Save the trained model and components for later use in production or API deployment.

In [109]:
import pickle
import os

# Create models directory if it doesn't exist
os.makedirs('models', exist_ok=True)

# Save the trained model components
model_data = {
    'p0_vector': p0V,  # Ham probabilities
    'p1_vector': p1V,  # Spam probabilities
    'p_spam': pSpam,   # Prior probability of spam
    'vocabulary': vocab_array,
    'word_to_idx': word_to_idx,
    'stop_words': stop_words
}

# Save model to pickle file
with open('models/spam_classifier_model.pkl', 'wb') as f:
    pickle.dump(model_data, f)

print("Model saved successfully!")
print("Saved components:")
print(f"- Ham probability vector: {len(p0V)} features")
print(f"- Spam probability vector: {len(p1V)} features")
print(f"- Prior spam probability: {pSpam:.3f}")
print(f"- Vocabulary size: {len(vocab_array)}")
print(f"- Model file: models/spam_classifier_model.pkl")

Model saved successfully!
Saved components:
- Ham probability vector: 7270 features
- Spam probability vector: 7270 features
- Prior spam probability: 0.135
- Vocabulary size: 7270
- Model file: models/spam_classifier_model.pkl


In [110]:
# Test loading the saved model
print("Testing model loading...")

with open('models/spam_classifier_model.pkl', 'rb') as f:
    loaded_model = pickle.load(f)

print("Model loaded successfully!")
print("Loaded components:")
for key, value in loaded_model.items():
    if isinstance(value, np.ndarray):
        print(f"- {key}: shape {value.shape}")
    elif isinstance(value, (dict, set)):
        print(f"- {key}: {len(value)} items")
    else:
        print(f"- {key}: {value}")

# Test the loaded model with a sample message
test_msg = "FREE! Win $1000 now! Limited time offer!"
print(f"\nTesting loaded model with: '{test_msg}'")

# Use loaded model components
loaded_p0V = loaded_model['p0_vector']
loaded_p1V = loaded_model['p1_vector']
loaded_pSpam = loaded_model['p_spam']
loaded_vocab = loaded_model['vocabulary']
loaded_word_to_idx = loaded_model['word_to_idx']
loaded_stop_words = loaded_model['stop_words']

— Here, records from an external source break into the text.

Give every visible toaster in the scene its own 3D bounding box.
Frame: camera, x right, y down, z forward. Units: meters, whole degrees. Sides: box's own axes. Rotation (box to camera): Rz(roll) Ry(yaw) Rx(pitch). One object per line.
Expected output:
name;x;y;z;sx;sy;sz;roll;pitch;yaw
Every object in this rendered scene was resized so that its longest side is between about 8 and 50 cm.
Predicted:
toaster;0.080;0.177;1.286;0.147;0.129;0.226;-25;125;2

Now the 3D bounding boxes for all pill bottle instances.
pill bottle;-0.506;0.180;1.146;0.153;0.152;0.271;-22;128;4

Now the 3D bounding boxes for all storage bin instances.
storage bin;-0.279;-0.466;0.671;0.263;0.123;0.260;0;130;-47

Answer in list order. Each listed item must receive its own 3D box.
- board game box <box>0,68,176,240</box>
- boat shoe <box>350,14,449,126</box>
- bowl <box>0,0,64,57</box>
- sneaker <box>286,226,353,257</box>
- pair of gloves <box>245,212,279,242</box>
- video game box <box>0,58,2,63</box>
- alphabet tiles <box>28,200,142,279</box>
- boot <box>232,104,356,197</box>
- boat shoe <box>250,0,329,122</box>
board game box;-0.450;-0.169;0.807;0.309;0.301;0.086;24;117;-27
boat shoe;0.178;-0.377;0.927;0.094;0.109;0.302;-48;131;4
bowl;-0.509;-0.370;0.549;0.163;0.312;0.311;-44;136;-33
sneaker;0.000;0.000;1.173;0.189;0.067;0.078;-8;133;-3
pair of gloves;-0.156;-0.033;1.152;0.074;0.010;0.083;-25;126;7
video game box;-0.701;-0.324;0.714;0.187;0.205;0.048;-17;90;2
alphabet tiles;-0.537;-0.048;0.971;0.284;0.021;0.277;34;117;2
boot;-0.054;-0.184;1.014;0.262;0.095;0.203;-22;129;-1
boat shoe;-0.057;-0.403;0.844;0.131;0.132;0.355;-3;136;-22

# Clean and vectorize test message
def clean_text_loaded(text):
    text = text.lower()
    text = re.sub(r"[^\w\s]", "", text)
    words = text.split()
    words = [w for w in words if w not in loaded_stop_words and len(w) > 3]
    return words

def vectorize_message_loaded(message):
    vec = np.zeros(len(loaded_vocab), dtype=int)
    for w in message:
        if w in loaded_word_to_idx:
            vec[loaded_word_to_idx[w]] += 1
    return vec

cleaned = clean_text_loaded(test_msg)
vectorized = vectorize_message_loaded(cleaned)
prediction = classify_NB(vectorized, loaded_p0V, loaded_p1V, loaded_pSpam)

print(f"Prediction: {'SPAM' if prediction == 1 else 'HAM'}")
print("Model loading and testing successful!")

Testing model loading...
Model loaded successfully!
Loaded components:
- p0_vector: shape (7270,)
- p1_vector: shape (7270,)
- p_spam: 0.1350684316805026
- vocabulary: shape (7270,)
- word_to_idx: 7270 items
- stop_words: 198 items

Testing loaded model with: 'FREE! Win $1000 now! Limited time offer!'
Prediction: SPAM
Model loading and testing successful!